Exercise:
Your reply should hold only the lines from the records below where "pitch" occurs.

(Collection entries)
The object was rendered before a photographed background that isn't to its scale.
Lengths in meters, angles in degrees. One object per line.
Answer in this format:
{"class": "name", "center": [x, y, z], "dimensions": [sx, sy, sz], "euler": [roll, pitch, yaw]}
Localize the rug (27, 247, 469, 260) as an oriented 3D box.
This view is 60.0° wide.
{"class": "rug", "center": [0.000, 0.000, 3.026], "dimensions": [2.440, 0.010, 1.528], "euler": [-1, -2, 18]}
* * *
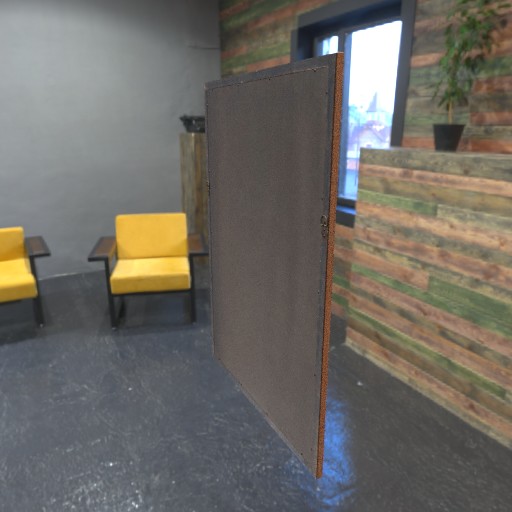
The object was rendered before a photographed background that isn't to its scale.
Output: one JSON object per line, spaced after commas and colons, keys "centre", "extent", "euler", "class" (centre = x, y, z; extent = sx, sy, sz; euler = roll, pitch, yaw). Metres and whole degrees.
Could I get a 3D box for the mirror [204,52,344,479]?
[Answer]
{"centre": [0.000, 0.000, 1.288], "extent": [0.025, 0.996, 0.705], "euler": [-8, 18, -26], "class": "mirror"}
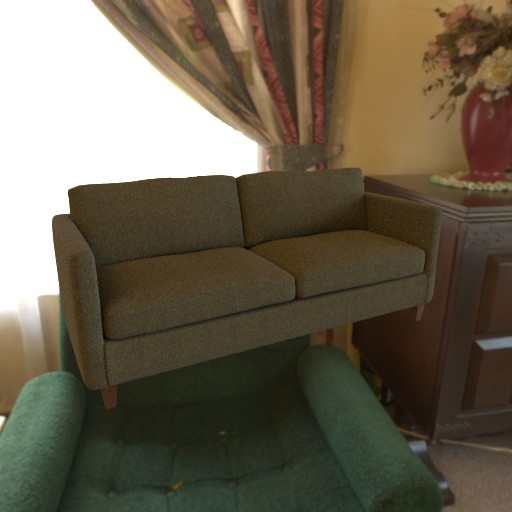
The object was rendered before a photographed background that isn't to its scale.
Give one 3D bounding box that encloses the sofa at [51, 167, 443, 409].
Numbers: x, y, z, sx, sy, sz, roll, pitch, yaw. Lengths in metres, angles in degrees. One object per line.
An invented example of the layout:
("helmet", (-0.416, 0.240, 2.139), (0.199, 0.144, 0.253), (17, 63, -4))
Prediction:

Your solution:
{"class": "name", "center": [x, y, z], "dimensions": [sx, sy, sz], "euler": [roll, pitch, yaw]}
Output: one JSON object per line, spaced after commas and colons, keys "centre", "extent", "euler", "class" (centre = x, y, z; extent = sx, sy, sz; euler = roll, pitch, yaw). Metres and whole degrees.
Numbers: x, y, z, sx, sy, sz, roll, pitch, yaw. Lengths in metres, angles in degrees. One object per line.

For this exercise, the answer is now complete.